His mood lifted, of course. The depression had been deeper than usual and had lasted longer than usual, but it was not nearly so deep or so enduring as some he — and she — had been forced to live through in the past. Some years previously drinking had become a problem. Alcoholism was virtually an occupational illness in his profession, and of course it made efficient functioning impossible.

He’d gone on the wagon for several years, then found he was able to drink normally again. A single martini before the evening meal, a pitcher of them at the conclusion of a job, an occasional beer with lunch when he was resting up between jobs. But drinking never became a problem again, and she thanked God for that, even as she prayed to God that he could get into a line of work that didn’t take so much out of him.

She raised the subject again one evening. He’d begun to talk about going back to work, not right away but before too long, and she wondered how he could face it so soon.

“You don’t have to work so much,” she said. “The kids are grown and gone. You and I have everything we want and money in the bank. You don’t have to drive yourself.”

“It’s not a matter of driving myself. I can’t sit idle too long. It gets to me.”

“I know, but—”

“Rather wear out than rust out. Trite but true.”

“Couldn’t you try something else some of the time? Couldn’t you try doing what you really want to do?”

He looked at her for a long moment, then turned his eyes aside and gazed off into space. Or, perhaps, into time.

“I’ve tried that,” he said at length.

“I didn’t know that.”

“I didn’t really want to talk about it. It didn’t work out.” Now he turned to face her again, and the expression on his face was enough to break her heart. “Maybe there was once something else I wanted to do. Maybe at some stage in my life I had the potential to do other things, to be somebody other than the man I turned into.”

But I love the man you turned into, she thought. I love the man you are, the man you’ve always been.
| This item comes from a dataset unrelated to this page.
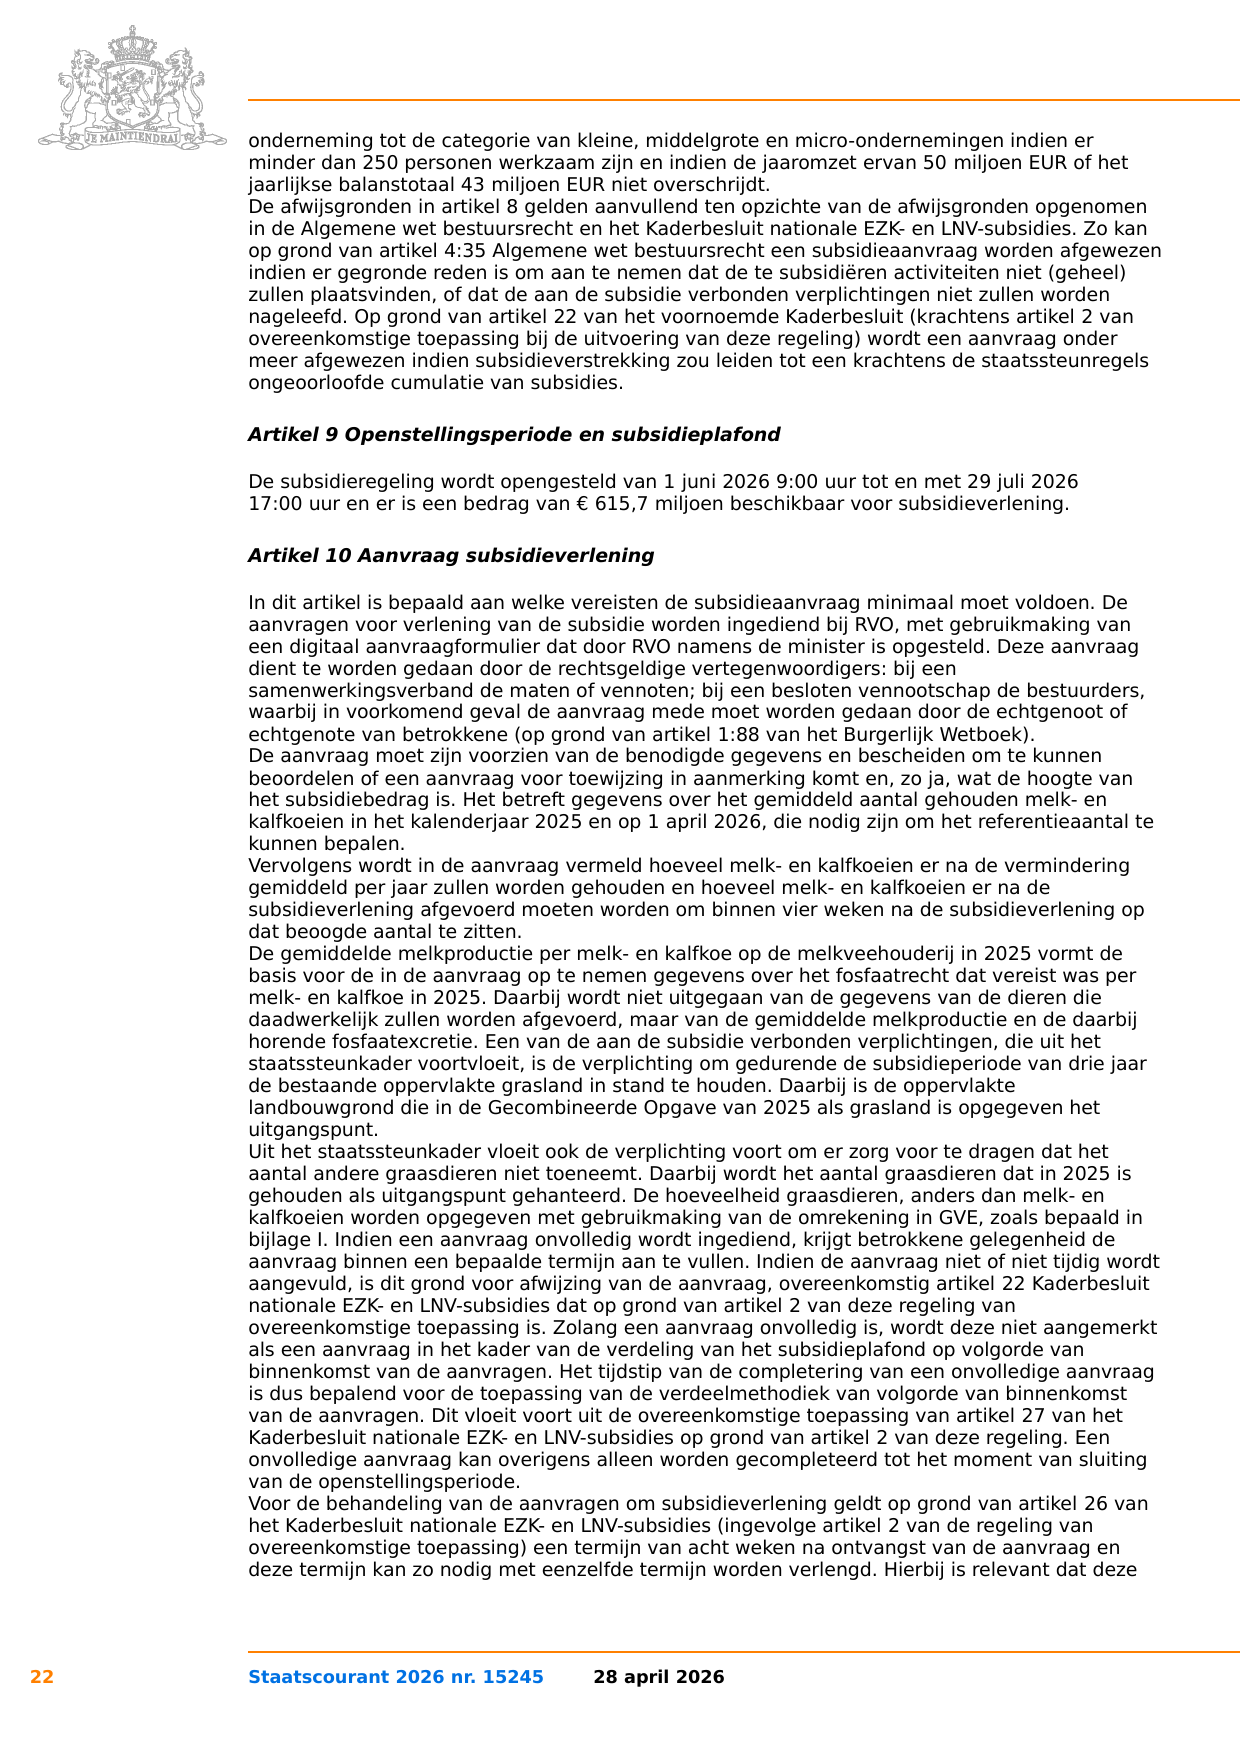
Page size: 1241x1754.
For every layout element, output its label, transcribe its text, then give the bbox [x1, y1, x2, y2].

“I may have the dreams,” he said. “But that’s all they ever were, baby. Dreams. You know what happens to dreams when you wake up. They go where smoke goes, into the air. Maybe I was born to do what I do. Maybe I just trained myself and wound up painting myself into a corner. But I’m an old man now—”
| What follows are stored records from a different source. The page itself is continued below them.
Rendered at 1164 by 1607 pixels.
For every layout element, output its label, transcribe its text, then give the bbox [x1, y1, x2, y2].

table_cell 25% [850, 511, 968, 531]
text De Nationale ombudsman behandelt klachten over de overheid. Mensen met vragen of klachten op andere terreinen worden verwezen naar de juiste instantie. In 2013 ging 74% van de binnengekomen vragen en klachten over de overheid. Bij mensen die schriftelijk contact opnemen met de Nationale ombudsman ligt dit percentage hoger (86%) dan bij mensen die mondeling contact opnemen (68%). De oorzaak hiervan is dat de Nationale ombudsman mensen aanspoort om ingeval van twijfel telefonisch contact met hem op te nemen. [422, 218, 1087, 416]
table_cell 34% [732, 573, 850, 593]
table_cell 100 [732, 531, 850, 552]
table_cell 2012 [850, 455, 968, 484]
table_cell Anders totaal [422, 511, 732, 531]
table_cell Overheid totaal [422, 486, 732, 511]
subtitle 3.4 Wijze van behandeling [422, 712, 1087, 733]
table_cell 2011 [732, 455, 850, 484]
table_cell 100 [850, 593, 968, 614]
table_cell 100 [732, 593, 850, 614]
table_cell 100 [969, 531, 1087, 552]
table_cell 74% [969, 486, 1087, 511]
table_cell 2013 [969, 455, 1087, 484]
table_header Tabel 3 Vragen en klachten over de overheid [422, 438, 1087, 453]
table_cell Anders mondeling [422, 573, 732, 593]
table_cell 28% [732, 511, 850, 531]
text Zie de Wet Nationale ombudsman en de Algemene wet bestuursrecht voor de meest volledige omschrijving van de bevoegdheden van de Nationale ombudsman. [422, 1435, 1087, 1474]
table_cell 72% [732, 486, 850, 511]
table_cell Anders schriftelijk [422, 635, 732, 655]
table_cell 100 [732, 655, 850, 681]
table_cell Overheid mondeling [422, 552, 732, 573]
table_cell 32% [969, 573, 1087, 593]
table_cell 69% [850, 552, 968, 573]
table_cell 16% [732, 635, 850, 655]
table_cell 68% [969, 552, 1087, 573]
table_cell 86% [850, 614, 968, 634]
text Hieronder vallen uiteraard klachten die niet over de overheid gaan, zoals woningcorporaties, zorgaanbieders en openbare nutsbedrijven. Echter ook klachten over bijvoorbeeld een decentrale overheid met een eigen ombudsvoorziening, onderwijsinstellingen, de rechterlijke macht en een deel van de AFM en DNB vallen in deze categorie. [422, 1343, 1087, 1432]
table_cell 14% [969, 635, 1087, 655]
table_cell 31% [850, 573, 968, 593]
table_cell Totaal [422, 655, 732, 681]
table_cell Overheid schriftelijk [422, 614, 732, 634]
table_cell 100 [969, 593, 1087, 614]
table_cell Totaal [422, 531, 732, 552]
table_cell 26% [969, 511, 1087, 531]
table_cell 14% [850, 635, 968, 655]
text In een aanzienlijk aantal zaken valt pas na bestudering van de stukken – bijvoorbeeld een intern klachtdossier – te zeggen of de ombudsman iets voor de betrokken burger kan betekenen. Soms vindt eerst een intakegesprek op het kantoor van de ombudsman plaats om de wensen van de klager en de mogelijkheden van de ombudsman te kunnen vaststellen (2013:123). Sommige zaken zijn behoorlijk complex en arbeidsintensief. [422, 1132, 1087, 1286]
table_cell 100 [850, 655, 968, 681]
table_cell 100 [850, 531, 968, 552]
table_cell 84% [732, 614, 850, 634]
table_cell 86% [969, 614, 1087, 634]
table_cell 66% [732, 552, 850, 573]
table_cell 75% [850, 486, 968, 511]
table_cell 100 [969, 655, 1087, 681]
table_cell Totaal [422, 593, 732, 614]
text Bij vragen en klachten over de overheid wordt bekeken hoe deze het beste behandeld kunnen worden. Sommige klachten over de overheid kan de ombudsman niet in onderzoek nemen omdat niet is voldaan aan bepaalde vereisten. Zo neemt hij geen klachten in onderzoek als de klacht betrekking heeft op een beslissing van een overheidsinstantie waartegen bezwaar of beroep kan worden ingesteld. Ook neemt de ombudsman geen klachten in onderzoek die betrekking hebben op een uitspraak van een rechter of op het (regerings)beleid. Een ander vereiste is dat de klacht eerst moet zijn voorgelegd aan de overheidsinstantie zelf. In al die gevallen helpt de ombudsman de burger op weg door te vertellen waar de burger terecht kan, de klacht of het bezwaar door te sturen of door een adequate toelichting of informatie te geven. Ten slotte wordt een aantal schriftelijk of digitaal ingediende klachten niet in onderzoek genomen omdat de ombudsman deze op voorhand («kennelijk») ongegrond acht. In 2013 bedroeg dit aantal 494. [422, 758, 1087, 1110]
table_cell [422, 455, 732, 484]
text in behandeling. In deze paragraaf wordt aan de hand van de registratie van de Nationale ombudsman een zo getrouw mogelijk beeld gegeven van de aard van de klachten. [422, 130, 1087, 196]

“You are like hell an old man!”

“—and it’s all I know how to do and all I even seem to want to do. I’ve spent my whole life with crooks and grifters and strong-arm men, and I’ll spend the rest of it with the same awful types, and yes, there’ll be violence, but I guess I can go on living with that.”

He smiled suddenly, and not merely with his mouth. “It’s not so bad,” he said. “It’s depressing when I think of what might have been, but the hell with that, kid. I’m doing what I was cut out for. That’s a hard thing to admit to yourself and it hurts, I’ll say it hurts, but once you make yourself believe it, then it becomes a liberating thing.”

She thought for a moment. “Yes,” she said. “Yes, I suppose that’s true.”

And so she was prepared a week later when he told her he was ready to go back to work. He’d been restless for a day or two, pacing back and forth across the living-room rug, jotting incomprehensible notes on long yellow pads of paper, even mumbling and muttering to himself. Then on Monday morning he looked at her over the brim of his second cup of coffee and told her.

“Well, the signs were there,” she said. “You’re sure you don’t want more time off?”

“Positive.”

“And you know what you want to do?”

“Uh-huh. I’m going to use Johnny again.”